> [Work to complete]: From the listing below, output only the lines starting at the line that has "Find the text" and ending at the line that has "The width and", exactly as they appear, ends included.

> [Records provided]:
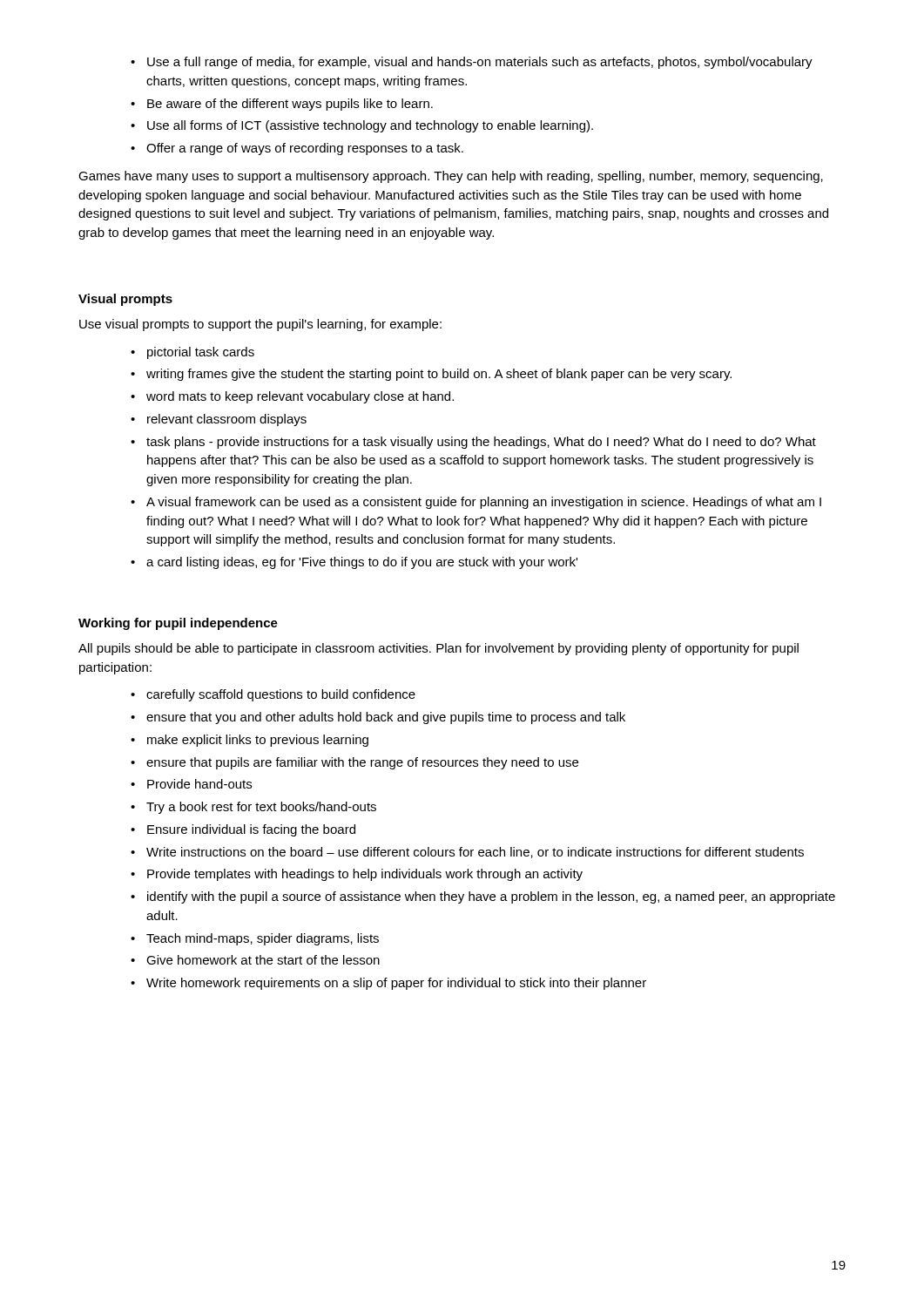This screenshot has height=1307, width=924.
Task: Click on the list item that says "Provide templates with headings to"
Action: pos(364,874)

==

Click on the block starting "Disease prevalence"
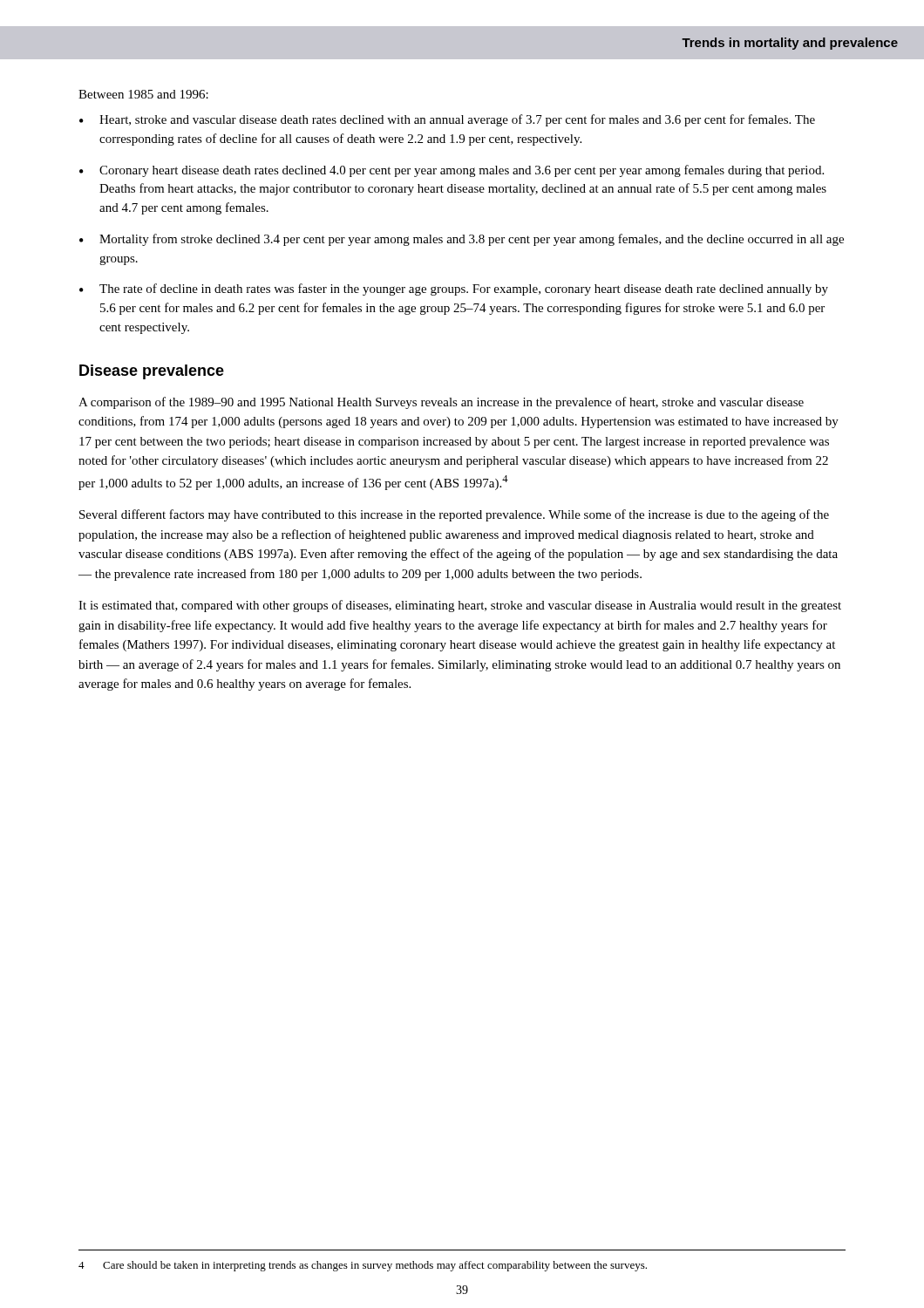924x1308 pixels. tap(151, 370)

---

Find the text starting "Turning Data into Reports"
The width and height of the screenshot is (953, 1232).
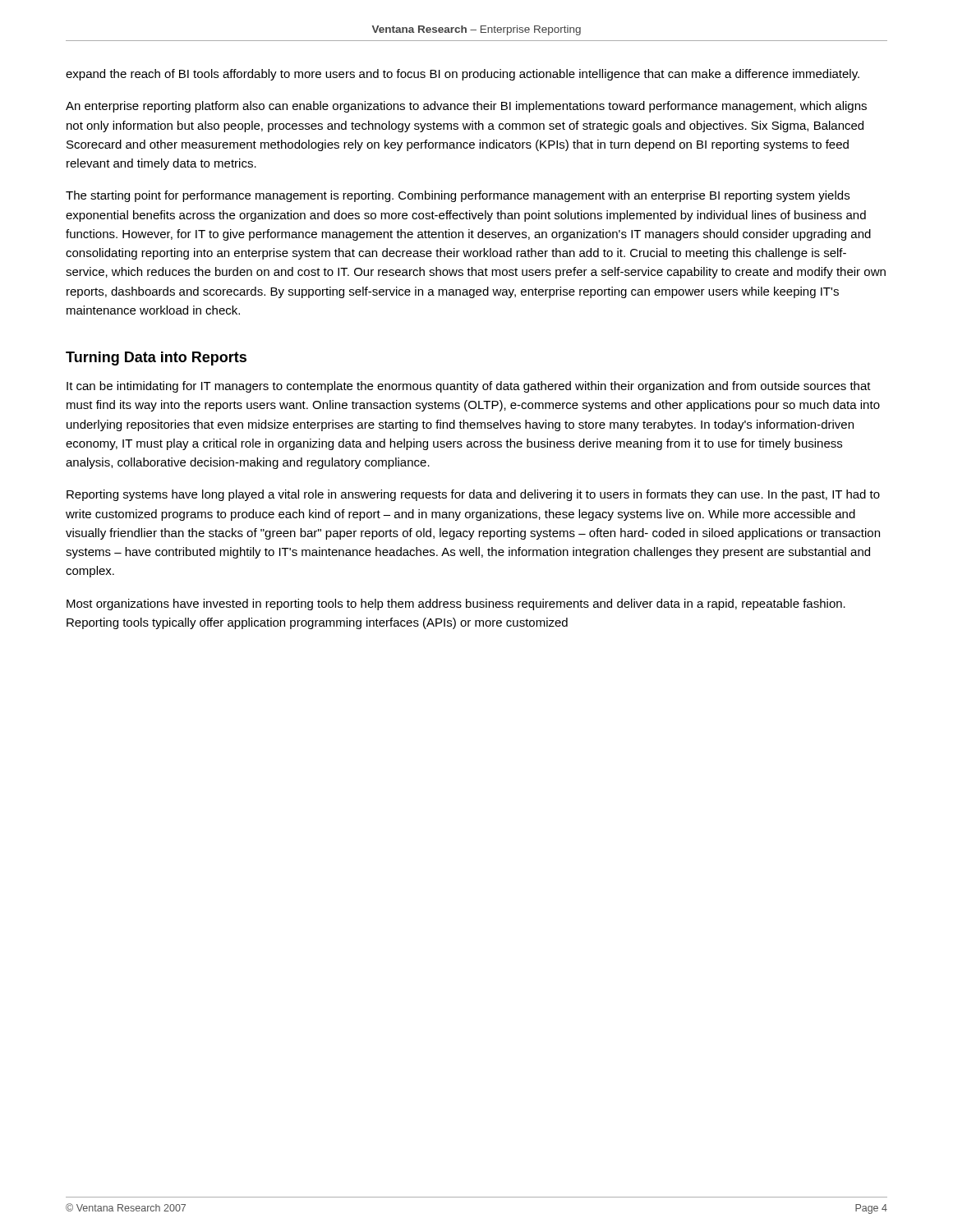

> [Solved exercise]:
Find the text starting "Turning Data into Reports"
The width and height of the screenshot is (953, 1232).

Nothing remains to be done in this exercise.